И снова жалостливый взгляд. Так и хочется придушить этого нахального чернокнижника!
– Это – устоявшаяся веками норма. Зачем мне выкладываться по полной и растить, а затем и защищать ребенка жены, если я не уверен в его происхождении? И зачем мне разбрасываться людьми и оставлять, например, своего новорожденного незаконного сына у любовницы, если он впоследствии сможет помогать мне в работе с родом или управлении хозяйством.
Угу. Ценитель человеческих ресурсов, блин.
– Звучит чересчур цинично для меня.
Равнодушно пожимает плечами:
– Ты – женщина. Вы живете не разумом, а эмоциями. Именно поэтому у нас место женщины в доме. Никто и никогда не доверит ей управление даже домом, не говоря уже о фирме.
Да что вы говорите. Умник нашелся.
– Это камень в мой огород? Слава богу, у моего начальства хватило мудрости так не думать.
Высокомерно передергивает плечами:
– Да. И теперь ты тратишь впустую свою жизнь, работая на чужого человека и ничего не получая взамен, хотя могла приносить пользу своему роду, например, рожать детей и воспитывать их.
– Нет его у меня. Я осталась единственная в этом самом роду. Так что и пользу приносить некому.
Снова смотрит на меня, на этот раз – внимательно:
– И много вас таких в твоей стране?
Странный вопрос.
– Да кто ж их считал-то. У нас государство в личные дела своих жителей не лезет, если только, конечно, они не нарушают законы. Но, думаю, немало.
Покачивает головой:
– Очень жаль. В старину, когда у нас постоянно велись кровавые междоусобные войны, в моем мире тоже случалось, что истреблялись целые семьи, причем практически поголовно. Но тогда всех выживших все равно, пусть и насильно, присоединяли к какому-нибудь роду, не позволяли им жить отдельно, ведь иначе они могли погибнуть или сойти с ума от одиночества…
Ирма:
Ира сидела за компьютером, что-то печатала и изредка посматривала на часы. Насколько я успела понять, до конца ее рабочего дня осталось не так уж много времени.
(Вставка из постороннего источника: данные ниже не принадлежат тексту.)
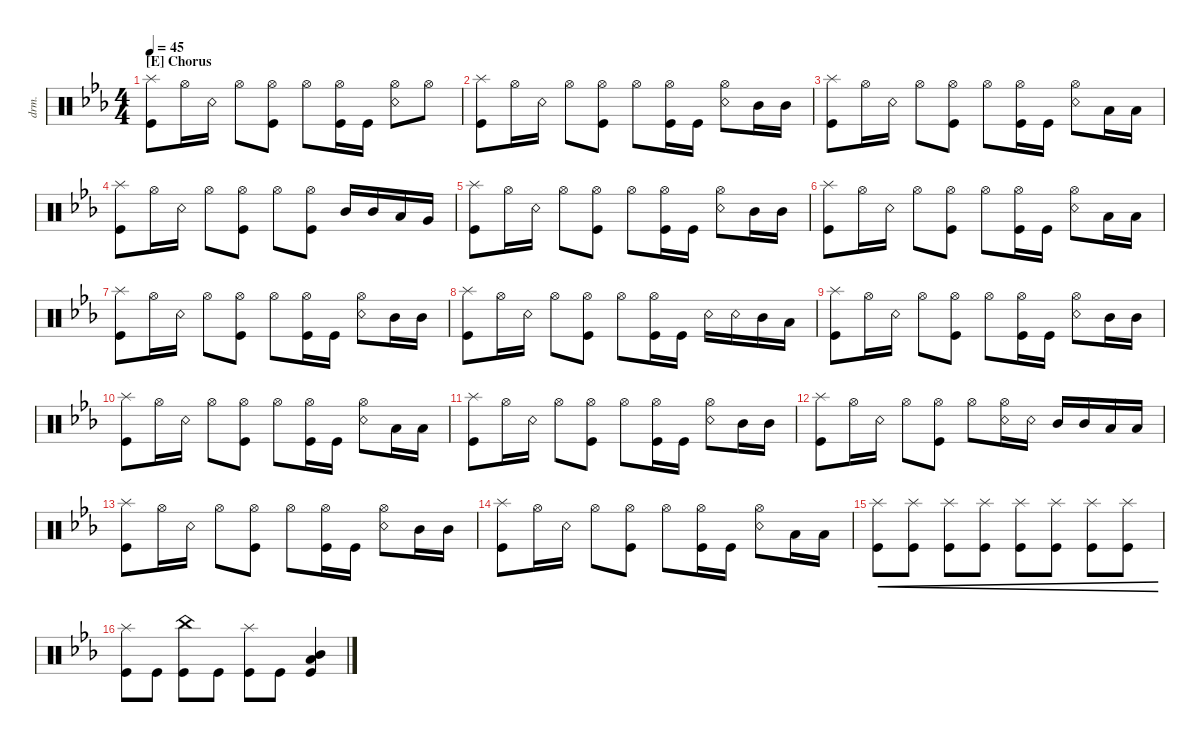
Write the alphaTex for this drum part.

\defaultSystemsLayout 4
\hideDynamics
\bracketExtendMode nobrackets
\otherSystemsTrackNameOrientation horizontal
\track ("Drumkit" "drm.") {instrument percussion}
\staff {score}
\articulation defaults
\ts (4 4)
\section ("E" "Chorus")
\tempo 45
\clef neutral
\ks cminor
("Splash (hit)" "Kick (hit)").8{dy ff} "Hi-Hat (open)".16 "Snare (rim shot)".16 "Hi-Hat (open)".8 ("Hi-Hat (open)" "Kick (hit)").8 "Hi-Hat (open)".8 ("Hi-Hat (open)" "Kick (hit)").16 "Kick (hit)".16 ("Hi-Hat (open)" "Snare (rim shot)").8 "Hi-Hat (open)".8 |
("Splash (hit)" "Kick (hit)").8 "Hi-Hat (open)".16 "Snare (rim shot)".16 "Hi-Hat (open)".8 ("Hi-Hat (open)" "Kick (hit)").8 "Hi-Hat (open)".8 ("Hi-Hat (open)" "Kick (hit)").16 "Kick (hit)".16 ("Hi-Hat (open)" "Snare (rim shot)").8 "Mid Tom (hit)".16 "Mid Tom (hit)".16 |
("Splash (hit)" "Kick (hit)").8 "Hi-Hat (open)".16 "Snare (rim shot)".16 "Hi-Hat (open)".8 ("Hi-Hat (open)" "Kick (hit)").8 "Hi-Hat (open)".8 ("Hi-Hat (open)" "Kick (hit)").16 "Kick (hit)".16 ("Hi-Hat (open)" "Snare (rim shot)").8 "Low Tom (hit)".16 "Low Tom (hit)".16 |
("Splash (hit)" "Kick (hit)").8 "Hi-Hat (open)".16 "Snare (rim shot)".16 "Hi-Hat (open)".8 ("Hi-Hat (open)" "Kick (hit)").8 "Hi-Hat (open)".8 ("Hi-Hat (open)" "Kick (hit)").8 "Mid Tom (hit)".16 "Mid Tom (hit)".16 "Low Tom (hit)".16 "Very Low Tom (hit)".16 |
("Splash (hit)" "Kick (hit)").8 "Hi-Hat (open)".16 "Snare (rim shot)".16 "Hi-Hat (open)".8 ("Hi-Hat (open)" "Kick (hit)").8 "Hi-Hat (open)".8 ("Hi-Hat (open)" "Kick (hit)").16 "Kick (hit)".16 ("Hi-Hat (open)" "Snare (rim shot)").8 "Mid Tom (hit)".16 "Mid Tom (hit)".16 |
("Splash (hit)" "Kick (hit)").8 "Hi-Hat (open)".16 "Snare (rim shot)".16 "Hi-Hat (open)".8 ("Hi-Hat (open)" "Kick (hit)").8 "Hi-Hat (open)".8 ("Hi-Hat (open)" "Kick (hit)").16 "Kick (hit)".16 ("Hi-Hat (open)" "Snare (rim shot)").8 "Low Tom (hit)".16 "Low Tom (hit)".16 |
("Splash (hit)" "Kick (hit)").8 "Hi-Hat (open)".16 "Snare (rim shot)".16 "Hi-Hat (open)".8 ("Hi-Hat (open)" "Kick (hit)").8 "Hi-Hat (open)".8 ("Hi-Hat (open)" "Kick (hit)").16 "Kick (hit)".16 ("Hi-Hat (open)" "Snare (rim shot)").8 "Mid Tom (hit)".16 "Mid Tom (hit)".16 |
("Splash (hit)" "Kick (hit)").8 "Hi-Hat (open)".16 "Snare (rim shot)".16 "Hi-Hat (open)".8 ("Hi-Hat (open)" "Kick (hit)").8 "Hi-Hat (open)".8 ("Hi-Hat (open)" "Kick (hit)").16 "Kick (hit)".16 "Snare (rim shot)".16 "Snare (rim shot)".16 "Mid Tom (hit)".16 "Low Tom (hit)".16 |
("Splash (hit)" "Kick (hit)").8 "Hi-Hat (open)".16 "Snare (rim shot)".16 "Hi-Hat (open)".8 ("Hi-Hat (open)" "Kick (hit)").8 "Hi-Hat (open)".8 ("Hi-Hat (open)" "Kick (hit)").16 "Kick (hit)".16 ("Hi-Hat (open)" "Snare (rim shot)").8 "Mid Tom (hit)".16 "Mid Tom (hit)".16 |
("Splash (hit)" "Kick (hit)").8 "Hi-Hat (open)".16 "Snare (rim shot)".16 "Hi-Hat (open)".8 ("Hi-Hat (open)" "Kick (hit)").8 "Hi-Hat (open)".8 ("Hi-Hat (open)" "Kick (hit)").16 "Kick (hit)".16 ("Hi-Hat (open)" "Snare (rim shot)").8 "Low Tom (hit)".16 "Low Tom (hit)".16 |
("Splash (hit)" "Kick (hit)").8 "Hi-Hat (open)".16 "Snare (rim shot)".16 "Hi-Hat (open)".8 ("Hi-Hat (open)" "Kick (hit)").8 "Hi-Hat (open)".8 ("Hi-Hat (open)" "Kick (hit)").16 "Kick (hit)".16 ("Hi-Hat (open)" "Snare (rim shot)").8 "Mid Tom (hit)".16 "Mid Tom (hit)".16 |
("Splash (hit)" "Kick (hit)").8 "Hi-Hat (open)".16 "Snare (rim shot)".16 "Hi-Hat (open)".8 ("Hi-Hat (open)" "Kick (hit)").8 "Hi-Hat (open)".8 ("Hi-Hat (open)" "Snare (rim shot)").16 "Snare (rim shot)".16 "Mid Tom (hit)".16 "Mid Tom (hit)".16 "Low Tom (hit)".16 "Low Tom (hit)".16 |
("Splash (hit)" "Kick (hit)").8 "Hi-Hat (open)".16 "Snare (rim shot)".16 "Hi-Hat (open)".8 ("Hi-Hat (open)" "Kick (hit)").8 "Hi-Hat (open)".8 ("Hi-Hat (open)" "Kick (hit)").16 "Kick (hit)".16 ("Hi-Hat (open)" "Snare (rim shot)").8 "Mid Tom (hit)".16 "Mid Tom (hit)".16 |
("Splash (hit)" "Kick (hit)").8 "Hi-Hat (open)".16 "Snare (rim shot)".16 "Hi-Hat (open)".8 ("Hi-Hat (open)" "Kick (hit)").8 "Hi-Hat (open)".8 ("Hi-Hat (open)" "Kick (hit)").16 "Kick (hit)".16 ("Hi-Hat (open)" "Snare (rim shot)").8 "Low Tom (hit)".16 "Low Tom (hit)".16 |
("Kick (hit)" "Splash (hit)").8{cre dy mf} ("Kick (hit)" "Splash (hit)").8{cre} ("Kick (hit)" "Splash (hit)").8{cre} ("Kick (hit)" "Splash (hit)").8{cre} ("Kick (hit)" "Splash (hit)").8{cre dy f} ("Kick (hit)" "Splash (hit)").8{cre} ("Kick (hit)" "Splash (hit)").8{cre dy ff} ("Kick (hit)" "Splash (hit)").8{cre} |
("Kick (hit)" "Splash (hit)").8{dy f} "Kick (hit)".8 ("Kick (hit)" "China (hit)").8 "Kick (hit)".8 ("Kick (hit)" "Splash (hit)").8 "Kick (hit)".8 ("Kick (hit)" "Mid Tom (hit)" "Low Tom (hit)").4

«Ты на меня не сердишься?»
Хмыкнула, не отрываясь от печатанья:
«Какие люди и без охраны. Сидеть не больно?»
Я улыбнулась:
«Ты же знаешь, что нет».
«Знаю, потому и уточняю. Вот за каким лешим ты его пустила в свою голову, Ирма?»
Покаянно вздохнула:
«Он хотел посмотреть, как ты живешь».
Настороженно:
«Зачем ему это?»
Мне-то откуда знать…
«Сказал, что хочет лучше понять тебя и твое поведение».